__Work task__: Could you filter the data below down to the lines that hold the word "fill"?

§ §

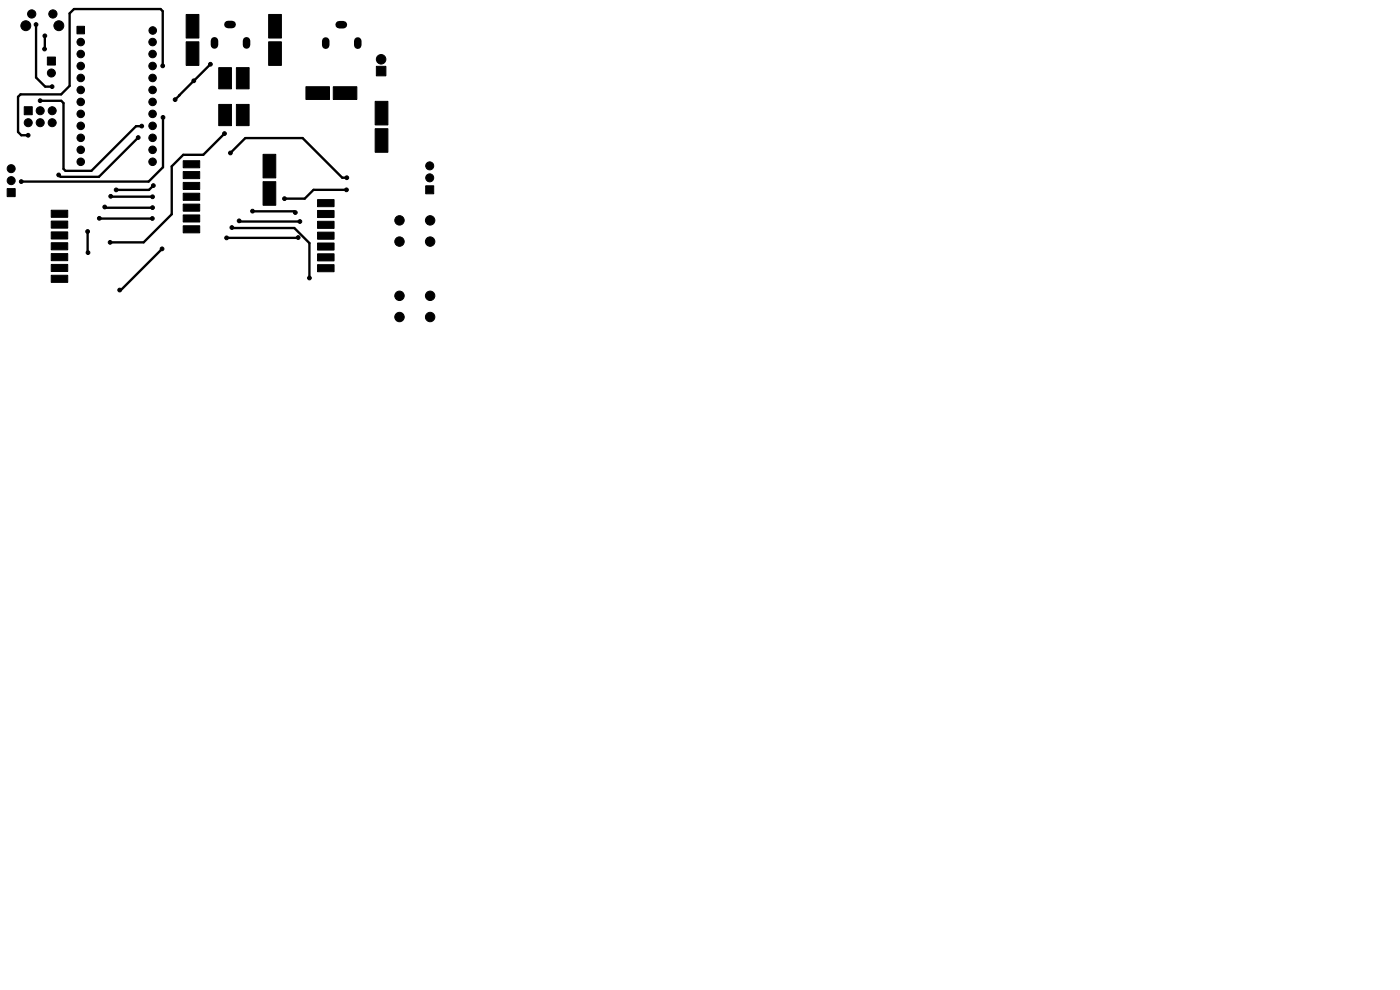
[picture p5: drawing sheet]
<svg xmlns="http://www.w3.org/2000/svg" width="297mm" height="210mm" viewBox="0 0 297 210" stroke-linecap="round" stroke-linejoin="round" font-family="sans-serif">
<g fill="#000" stroke="#000" stroke-width=".21">
<path d="M10.1 12.1h1.7v1.7h-1.7zM16.3 5.6h1.6v1.6h-1.6zM39.5 8.9h2.7v5h-2.7zM39.5 3.1h2.7v5h-2.7zM46.4 14.3h2.7v4.6h-2.7zM50.1 14.3h2.7v4.6h-2.7zM57 8.9h2.7v5h-2.7zM57 3.1h2.7v5h-2.7zM79.8 14.1h2.1v2h-2.1zM5.1 22.6h1.7v1.7h-1.7zM38.9 34.1h3.5v1.5h-3.5zM38.9 36.4h3.5v1.5h-3.5z"/>
<path d="M46.4 22.2h2.7v4.5h-2.7zM50.1 22.2h2.7v4.5h-2.7zM55.8 32.7h2.7v5h-2.7zM64.9 18.4h5v2.7h-5zM70.7 18.4h5v2.7h-5zM79.6 27.3h2.7v5h-2.7zM79.6 21.5h2.7v5h-2.7zM1.5 40h1.7v1.7h-1.7zM10.9 44.6h3.5v1.5h-3.5zM10.9 46.9h3.5v1.5h-3.5zM10.9 49.2h3.5v1.5h-3.5zM10.9 51.5h3.5v1.5h-3.5z"/>
<path d="M10.9 53.8h3.5v1.5h-3.5zM10.9 56.1h3.5v1.5h-3.5zM10.9 58.4h3.5v1.5h-3.5zM38.9 38.7h3.5v1.5h-3.5zM38.9 41h3.5v1.5h-3.5zM38.9 43.3h3.5v1.5h-3.5zM38.9 45.6h3.5v1.5h-3.5zM38.9 47.9h3.5v1.5h-3.5zM55.8 38.5h2.7v5h-2.7zM67.4 42.3h3.5v1.5h-3.5zM67.4 44.6h3.5v1.5h-3.5zM67.4 46.9h3.5v1.5h-3.5z"/>
<path d="M67.4 49.2h3.5v1.5h-3.5zM67.4 51.5h3.5v1.5h-3.5zM67.4 53.8h3.5v1.5h-3.5zM67.4 56.1h3.5v1.5h-3.5zM90.3 39.4h1.7v1.7h-1.7z"/>
<circle cx="5.5" cy="5.5" r="1.05"/>
<circle cx="6.7" cy="3" r=".87"/>
<circle cx="7.6" cy="5.2" r=".4"/>
<circle cx="9.5" cy="10.4" r=".4"/>
<circle cx="9.5" cy="7.6" r=".4"/>
<circle cx="10.9" cy="15.5" r=".85"/>
<circle cx="11.1" cy="18.4" r=".4"/>
<circle cx="11.2" cy="3" r=".87"/>
<circle cx="12.5" cy="5.5" r="1.05"/>
<circle cx="17.1" cy="16.5" r=".8"/>
<circle cx="17.1" cy="11.5" r=".8"/>
<circle cx="17.1" cy="8.9" r=".8"/>
<circle cx="17.1" cy="14" r=".8"/>
<circle cx="17.1" cy="19.1" r=".8"/>
<circle cx="32.4" cy="14" r=".8"/>
<circle cx="32.4" cy="19.1" r=".8"/>
<circle cx="32.4" cy="11.5" r=".8"/>
<circle cx="32.4" cy="16.5" r=".8"/>
<circle cx="32.4" cy="8.9" r=".8"/>
<circle cx="32.4" cy="6.5" r=".8"/>
<circle cx="34.5" cy="14" r=".4"/>
<circle cx="41.1" cy="17.1" r=".4"/>
<circle cx="44.6" cy="13.6" r=".4"/>
<circle cx="80.8" cy="12.6" r="1.01"/>
<circle cx="2.4" cy="38.3" r=".85"/>
<circle cx="2.4" cy="35.8" r=".85"/>
<circle cx="4.5" cy="38.5" r=".4"/>
<circle cx="6" cy="28.7" r=".4"/>
<circle cx="6" cy="26" r=".85"/>
<circle cx="8.5" cy="21.4" r=".4"/>
<circle cx="8.5" cy="23.5" r=".85"/>
<circle cx="8.5" cy="26" r=".85"/>
<circle cx="11.1" cy="26" r=".85"/>
<circle cx="11.1" cy="23.5" r=".85"/>
<circle cx="12.4" cy="37.1" r=".4"/>
<circle cx="17.1" cy="29.2" r=".8"/>
<circle cx="17.1" cy="31.8" r=".8"/>
<circle cx="17.1" cy="24.2" r=".8"/>
<circle cx="17.1" cy="26.7" r=".8"/>
<circle cx="17.1" cy="21.6" r=".8"/>
<circle cx="17.1" cy="34.3" r=".8"/>
<circle cx="29.3" cy="29.2" r=".4"/>
<circle cx="30.1" cy="26.8" r=".4"/>
<circle cx="32.4" cy="34.3" r=".8"/>
<circle cx="32.4" cy="29.2" r=".8"/>
<circle cx="32.4" cy="21.6" r=".8"/>
<circle cx="32.4" cy="24.2" r=".8"/>
<circle cx="32.4" cy="31.8" r=".8"/>
<circle cx="32.4" cy="26.7" r=".8"/>
<circle cx="32.5" cy="39.4" r=".4"/>
<circle cx="34.6" cy="24.9" r=".4"/>
<circle cx="37.1" cy="21.1" r=".4"/>
<circle cx="47.6" cy="28.3" r=".4"/>
<circle cx="48.9" cy="32.5" r=".4"/>
<circle cx="73.6" cy="37.7" r=".4"/>
<circle cx="91.2" cy="37.7" r=".85"/>
<circle cx="91.2" cy="35.2" r=".85"/>
<circle cx="18.6" cy="49.1" r=".4"/>
<circle cx="18.7" cy="53.6" r=".4"/>
<circle cx="21.1" cy="46.3" r=".4"/>
<circle cx="22.2" cy="43.9" r=".4"/>
<circle cx="23.4" cy="51.4" r=".4"/>
<circle cx="23.5" cy="41.6" r=".4"/>
<circle cx="24.6" cy="40.3" r=".4"/>
<circle cx="32.3" cy="46.3" r=".4"/>
<circle cx="32.4" cy="44" r=".4"/>
<circle cx="32.4" cy="41.7" r=".4"/>
<circle cx="34.4" cy="52.8" r=".4"/>
<circle cx="48.1" cy="50.5" r=".4"/>
<circle cx="49.2" cy="48.3" r=".4"/>
<circle cx="50.7" cy="46.9" r=".4"/>
<circle cx="53.6" cy="44.8" r=".4"/>
<circle cx="60.3" cy="42.1" r=".4"/>
<circle cx="62.6" cy="45.1" r=".4"/>
<circle cx="63.3" cy="50.4" r=".4"/>
<circle cx="63.6" cy="47" r=".4"/>
<circle cx="65.6" cy="59" r=".4"/>
<circle cx="73.5" cy="40.3" r=".4"/>
<circle cx="84.7" cy="46.7" r="1"/>
<circle cx="84.7" cy="51.2" r="1"/>
<circle cx="91.2" cy="46.7" r="1"/>
<circle cx="91.2" cy="51.2" r="1"/>
<circle cx="25.4" cy="61.5" r=".4"/>
<circle cx="84.7" cy="67.2" r="1"/>
<circle cx="84.7" cy="62.7" r="1"/>
<circle cx="91.2" cy="67.2" r="1"/>
<circle cx="91.2" cy="62.7" r="1"/>
</g>
<path d="M45.5 8.7v.9M48.3 5.2h.9M52.3 8.7v.9M69.1 8.7v.9M71.9 5.2h.9M75.9 8.7v.9" fill="none" stroke="#000" stroke-width="1.6"/>
<g fill="none" stroke="#000" stroke-width=".5">
<path d="M7.6 5.2h.1M7.6 5.2v11.2l2 2h1.5M9.5 7.6l-.1 2.8M34.5 14v-11.6l-.4-.5h-18.4l-.9 .9v15.4l-1.8 1.8h-8.7l-.5 .5v7.5l.7 .7h1.5M41.1 17.1h.1M44.6 13.6l-7.5 7.5M8.5 21.4h.1M8.5 21.4h4.5l.5 .5v13.9l.4 .4h5.5l9.5-9.4h1.2M29.3 29.2l-8.3 8.3h-8.2l-.3-.4M32.5 39.4l-.9 .9h-7M34.6 24.9v10.6l-3.1 3h-27M38.1 20.2h.1"/>
<path d="M47.6 28.3l-4.5 4.5h-4.2l-2.5 2.5v10.2l-5.9 5.9h-7.1M48.9 32.5l3.1-3.2h12.2l8.4 8.4h1M18.6 49.1l.1 4.5M21.1 46.3l11.2 .1M22.2 43.9l.2 .2 10-.1M23.5 41.6l8.8 .1M32.3 46.3v.1M32.3 41.7h.1M34.4 52.8l-8.7 8.7h-.3M49.2 48.3l13.2 .1 3.2 3.2v7.4M50.7 46.9l.2 .1h12.7M53.6 44.8h8.8l.2 .3"/>
<path d="M63.3 50.4l-15.2 .1M73.5 40.3h-7l-1.9 1.8h-4.3"/>
</g>
</svg>

§ §

__Answer space__:
<g fill="#000" stroke="#000" stroke-width=".21">
<path d="M45.5 8.7v.9M48.3 5.2h.9M52.3 8.7v.9M69.1 8.7v.9M71.9 5.2h.9M75.9 8.7v.9" fill="none" stroke="#000" stroke-width="1.6"/>
<g fill="none" stroke="#000" stroke-width=".5">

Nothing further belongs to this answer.